▶ _What you have to do_:
From the entries below, reproduce exactly the line containing "text Het tweede", the line containing "text In het", and every line in between, with nothing added.

▶ _Provided records_:
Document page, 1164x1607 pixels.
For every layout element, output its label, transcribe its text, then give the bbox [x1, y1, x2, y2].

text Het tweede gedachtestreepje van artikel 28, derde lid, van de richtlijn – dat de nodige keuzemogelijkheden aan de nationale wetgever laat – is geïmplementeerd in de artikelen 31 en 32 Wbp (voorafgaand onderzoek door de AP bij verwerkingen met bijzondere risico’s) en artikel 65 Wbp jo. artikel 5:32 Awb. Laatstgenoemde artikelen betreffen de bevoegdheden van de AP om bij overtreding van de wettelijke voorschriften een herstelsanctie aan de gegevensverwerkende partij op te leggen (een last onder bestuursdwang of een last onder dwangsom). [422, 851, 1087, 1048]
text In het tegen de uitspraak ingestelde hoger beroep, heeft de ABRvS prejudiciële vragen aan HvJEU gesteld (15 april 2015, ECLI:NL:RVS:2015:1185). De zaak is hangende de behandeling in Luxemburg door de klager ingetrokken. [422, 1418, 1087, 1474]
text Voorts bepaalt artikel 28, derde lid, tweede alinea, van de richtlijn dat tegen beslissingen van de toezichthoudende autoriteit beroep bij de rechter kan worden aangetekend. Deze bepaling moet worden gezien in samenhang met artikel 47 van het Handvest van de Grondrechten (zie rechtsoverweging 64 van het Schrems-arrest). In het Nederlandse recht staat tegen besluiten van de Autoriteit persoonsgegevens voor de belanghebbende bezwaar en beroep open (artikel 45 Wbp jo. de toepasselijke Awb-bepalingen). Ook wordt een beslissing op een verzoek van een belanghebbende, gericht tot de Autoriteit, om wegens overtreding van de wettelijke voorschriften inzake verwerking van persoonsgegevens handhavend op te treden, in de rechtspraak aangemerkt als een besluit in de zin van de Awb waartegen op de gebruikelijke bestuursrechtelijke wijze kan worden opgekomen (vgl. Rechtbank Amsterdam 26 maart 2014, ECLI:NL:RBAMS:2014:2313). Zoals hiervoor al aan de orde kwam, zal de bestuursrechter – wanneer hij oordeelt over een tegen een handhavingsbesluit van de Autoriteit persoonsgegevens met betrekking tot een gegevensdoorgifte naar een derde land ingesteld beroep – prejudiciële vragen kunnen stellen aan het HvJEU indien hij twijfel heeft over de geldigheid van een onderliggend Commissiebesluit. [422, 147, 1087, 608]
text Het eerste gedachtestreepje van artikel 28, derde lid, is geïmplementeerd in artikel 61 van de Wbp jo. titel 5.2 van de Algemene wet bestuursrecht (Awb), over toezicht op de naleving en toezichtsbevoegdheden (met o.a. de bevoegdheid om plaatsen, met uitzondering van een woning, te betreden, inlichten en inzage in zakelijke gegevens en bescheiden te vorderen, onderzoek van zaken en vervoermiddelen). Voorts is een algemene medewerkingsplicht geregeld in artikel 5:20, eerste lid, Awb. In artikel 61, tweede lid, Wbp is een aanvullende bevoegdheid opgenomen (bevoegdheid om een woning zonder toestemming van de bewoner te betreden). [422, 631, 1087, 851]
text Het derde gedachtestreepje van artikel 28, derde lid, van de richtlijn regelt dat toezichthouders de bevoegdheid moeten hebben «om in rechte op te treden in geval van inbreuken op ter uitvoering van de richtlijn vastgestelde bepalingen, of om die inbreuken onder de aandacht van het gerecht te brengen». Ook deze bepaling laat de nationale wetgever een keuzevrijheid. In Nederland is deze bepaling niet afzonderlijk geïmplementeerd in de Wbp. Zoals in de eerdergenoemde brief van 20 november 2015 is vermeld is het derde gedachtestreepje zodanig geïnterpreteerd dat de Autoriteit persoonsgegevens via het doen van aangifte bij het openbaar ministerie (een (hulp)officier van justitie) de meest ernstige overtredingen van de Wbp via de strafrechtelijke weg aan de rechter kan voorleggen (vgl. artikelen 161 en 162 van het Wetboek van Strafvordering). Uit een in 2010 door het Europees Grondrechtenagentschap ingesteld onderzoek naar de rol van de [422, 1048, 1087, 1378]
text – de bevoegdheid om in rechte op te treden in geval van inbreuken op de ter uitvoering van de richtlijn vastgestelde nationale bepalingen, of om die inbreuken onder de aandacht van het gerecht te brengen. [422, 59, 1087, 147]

▶ _Written response_:
text Het tweede gedachtestreepje van artikel 28, derde lid, van de richtlijn – dat de nodige keuzemogelijkheden aan de nationale wetgever laat – is geïmplementeerd in de artikelen 31 en 32 Wbp (voorafgaand onderzoek door de AP bij verwerkingen met bijzondere risico’s) en artikel 65 Wbp jo. artikel 5:32 Awb. Laatstgenoemde artikelen betreffen de bevoegdheden van de AP om bij overtreding van de wettelijke voorschriften een herstelsanctie aan de gegevensverwerkende partij op te leggen (een last onder bestuursdwang of een last onder dwangsom). [422, 851, 1087, 1048]
text In het tegen de uitspraak ingestelde hoger beroep, heeft de ABRvS prejudiciële vragen aan HvJEU gesteld (15 april 2015, ECLI:NL:RVS:2015:1185). De zaak is hangende de behandeling in Luxemburg door de klager ingetrokken. [422, 1418, 1087, 1474]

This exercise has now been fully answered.